Ms Anne Conolly (NatCen Social Research) - Presenting Author
It is well documented that estimates of overweight and obesity prevalence are higher when using objective measures of height and weight than those using self-reported data (Bolton-Smith et al. (2000); Visscher et al (2006); Shields et al. (2011)). In general, self-reported data tends to overestimate height and underestimate weight.
This study uses objective physical measurements and subjective self-assessments of weight from the Health Survey for England (HSE). Since 1993, the HSE has collected measurements of height, weight and waist circumference from adults and children in sampled households. In some years of the survey, participants were also asked to give an assessment of their weight; whether they felt they were: a) too light, b) about the right weight, or c) too heavy. Similarly, parents were asked to provide an assessment of their children’s weight using the same response options.
Using individual and household level data the relationship between parental and child BMI were examined. The relationship between objective weight and subjective self-assessments were also explored.
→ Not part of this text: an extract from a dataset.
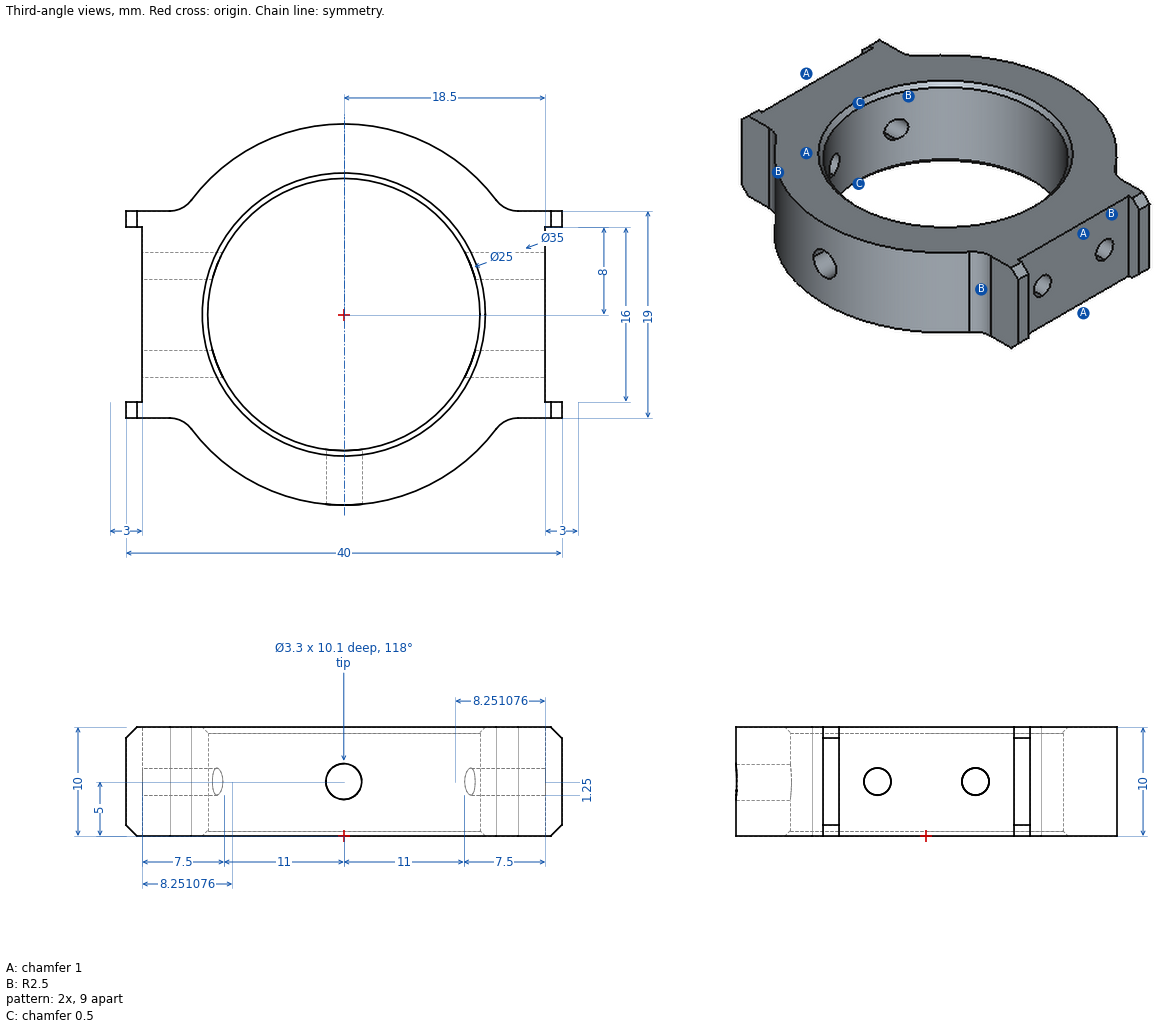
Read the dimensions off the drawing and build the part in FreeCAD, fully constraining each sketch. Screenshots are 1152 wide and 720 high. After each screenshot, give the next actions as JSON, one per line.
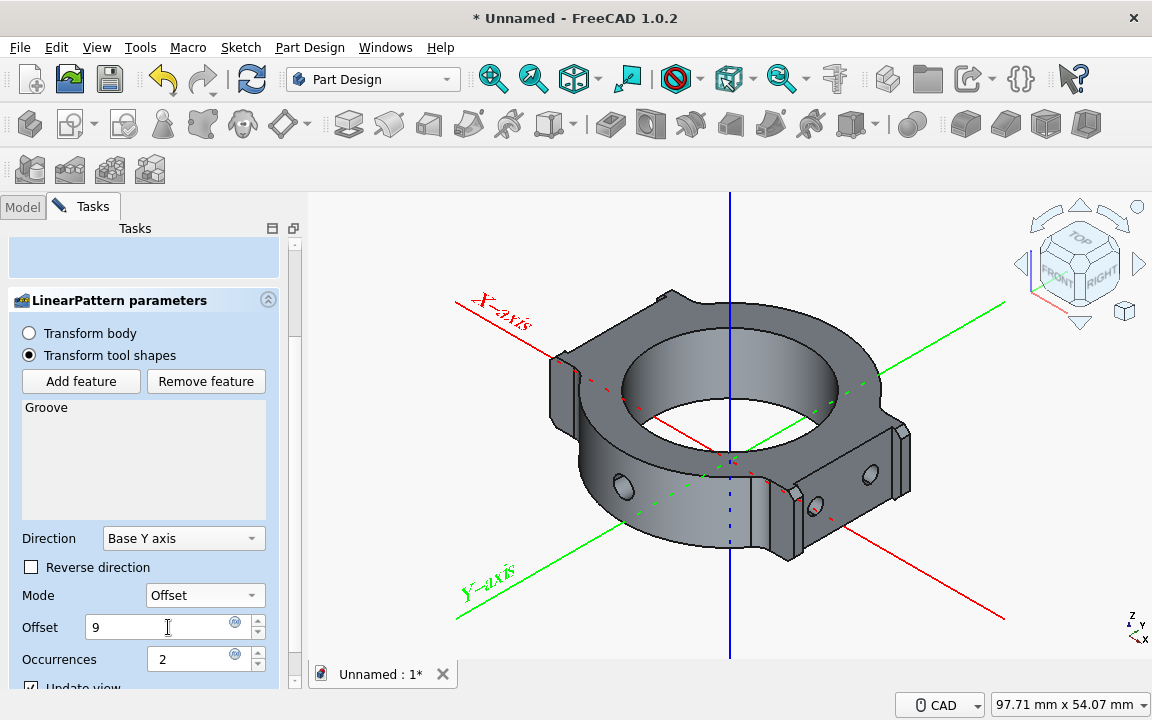
{"action": "triple_click", "coordinate": [198, 659]}

Children’s overweight and obesity was associated with that of their parents. Most obese adults assessed themselves as being too heavy, whereas only half of adults who were overweight but not obese thought they were too heavy. The majority of overweight and obese children did not describe themselves as too heavy and the parents of overweight and obese children often thought that their child was the right weight.
Objective physical measurements of height, weight and waist circumference are recommended for obtaining accurate estimates of overweight and obesity, including abdominal obesity. A household level approach sheds light on the relationships between parental and child weight.